## EXERCISE DIRECTIONS
Return all lines of the listing below that carry the word "indicates".

## DATASET RECORDS
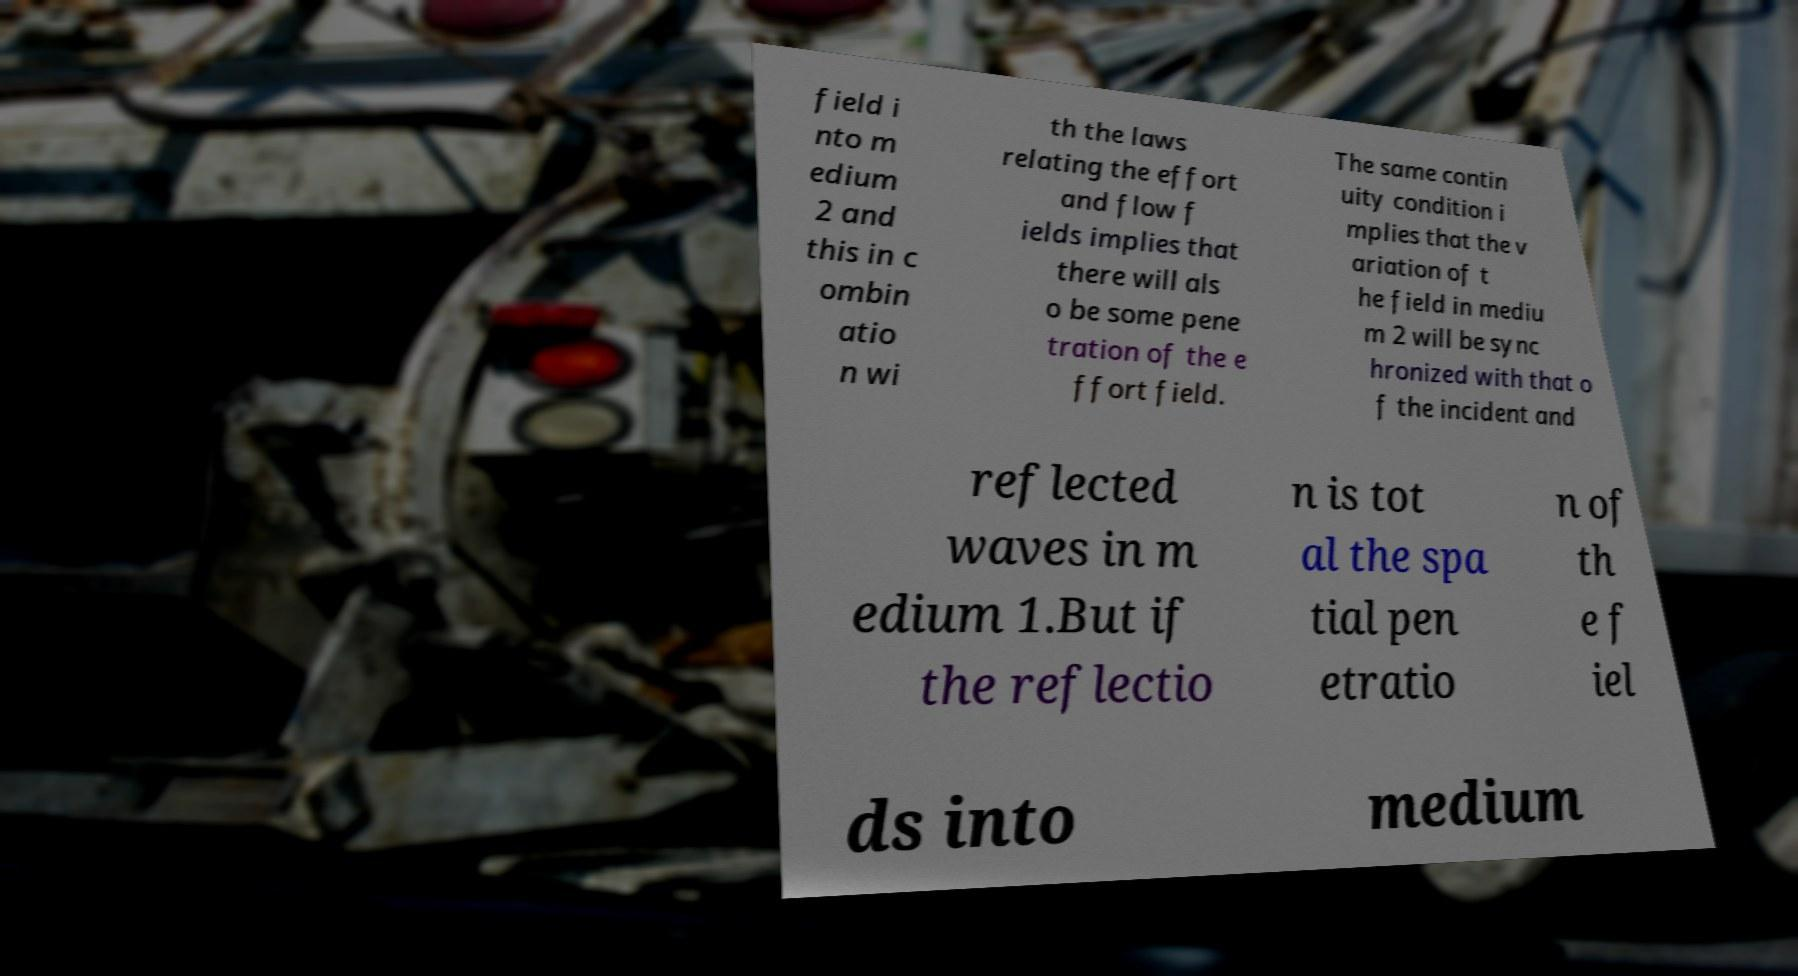I need the written content from this picture converted into text. Can you do that? field i nto m edium 2 and this in c ombin atio n wi th the laws relating the effort and flow f ields implies that there will als o be some pene tration of the e ffort field. The same contin uity condition i mplies that the v ariation of t he field in mediu m 2 will be sync hronized with that o f the incident and reflected waves in m edium 1.But if the reflectio n is tot al the spa tial pen etratio n of th e f iel ds into medium 
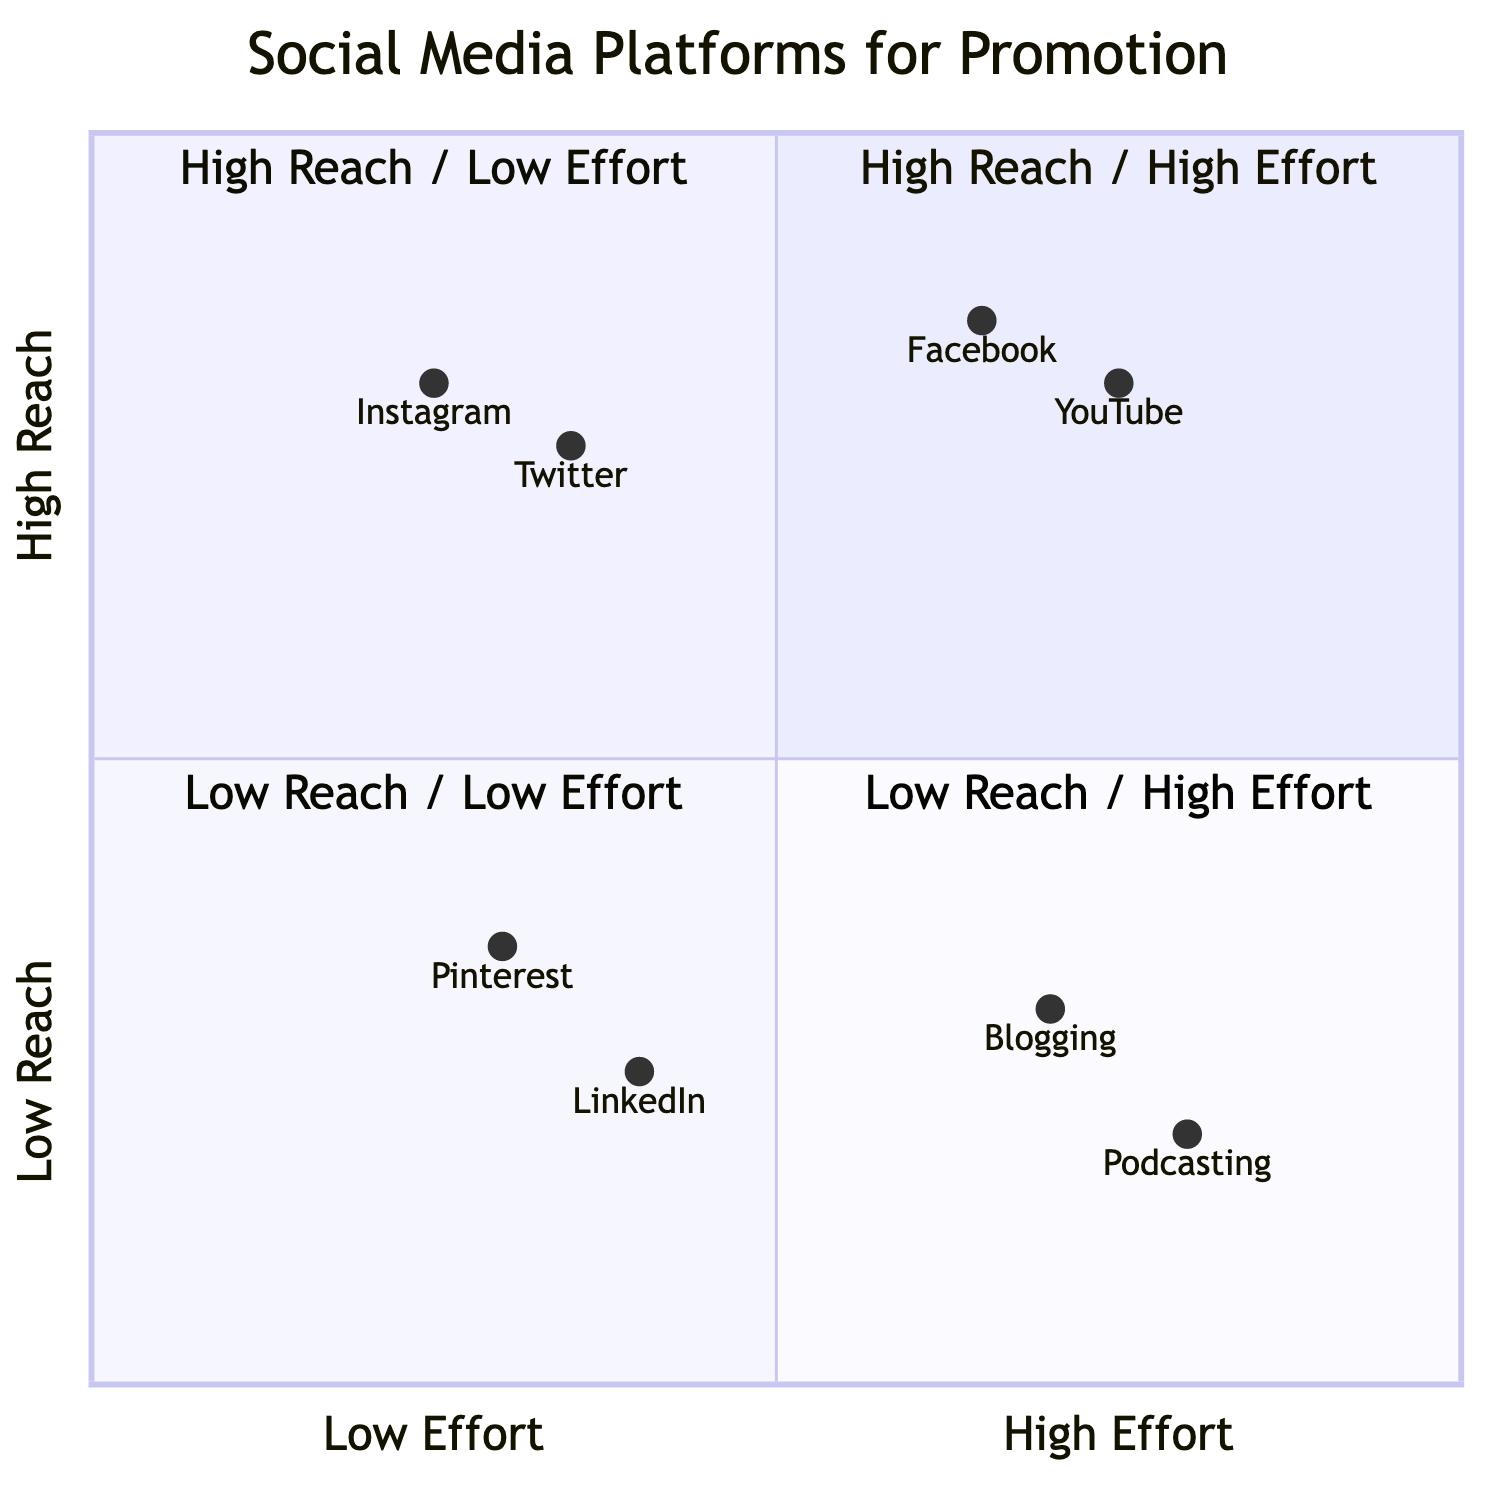What platforms fall under High Reach/High Effort? According to the diagram in the High Reach/High Effort quadrant, the platforms listed are YouTube and Facebook. These platforms require significant effort to promote but have a broad reach.
Answer: YouTube, Facebook Which platform is categorized as Low Reach/Low Effort? In the Low Reach/Low Effort quadrant, the platforms shown are Pinterest and LinkedIn. These are easier to manage but do not reach many people.
Answer: Pinterest, LinkedIn How many platforms are assigned to High Reach/Low Effort? In the High Reach/Low Effort quadrant, there are two platforms: Twitter and Instagram. This indicates that these platforms achieve a wide reach with relatively low effort.
Answer: 2 Which platform in the Low Reach/High Effort category has the highest reach value? In the Low Reach/High Effort quadrant, Blogging and Podcasting are represented. Between the two, Blog has a higher reach value (0.30) compared to Podcasting (0.20).
Answer: Blogging Are there more platforms in High Reach/High Effort or Low Reach/Low Effort? The High Reach/High Effort quadrant has two platforms (YouTube, Facebook) while the Low Reach/Low Effort quadrant also has two platforms (Pinterest, LinkedIn). Therefore, both quadrants contain the same number of platforms.
Answer: Same number Which platform has the lowest reach value overall? Upon analyzing all platforms, Podcasting has the lowest reach value of 0.20, making it the least effective in terms of reach compared to the others in the chart.
Answer: Podcasting What is the relationship between the effort required and reach in the quadrants? The diagram indicates that platforms in the High Reach quadrants (both High and Low Effort) require more effort compared to those in Low Reach (also both Effort categories). High Reach requires more effort, while Low Reach typically requires less effort.
Answer: Higher effort equals higher reach How does Instagram's reach value compare to Twitter's? Instagram has a reach value of 0.80 while Twitter has a reach value of 0.75. Thus, Instagram has a slightly higher reach than Twitter.
Answer: Instagram is higher What are the platforms listed in the Low Reach/High Effort category? The Low Reach/High Effort quadrant lists two platforms: Blogging and Podcasting. These platforms require significant effort yet yield lower reach.
Answer: Blogging, Podcasting

## ANSWER BOX
Answer: Pinterest, LinkedIn How many platforms are assigned to High Reach/Low Effort? In the High Reach/Low Effort quadrant, there are two platforms: Twitter and Instagram. This indicates that these platforms achieve a wide reach with relatively low effort.
Answer: Podcasting What is the relationship between the effort required and reach in the quadrants? The diagram indicates that platforms in the High Reach quadrants (both High and Low Effort) require more effort compared to those in Low Reach (also both Effort categories). High Reach requires more effort, while Low Reach typically requires less effort.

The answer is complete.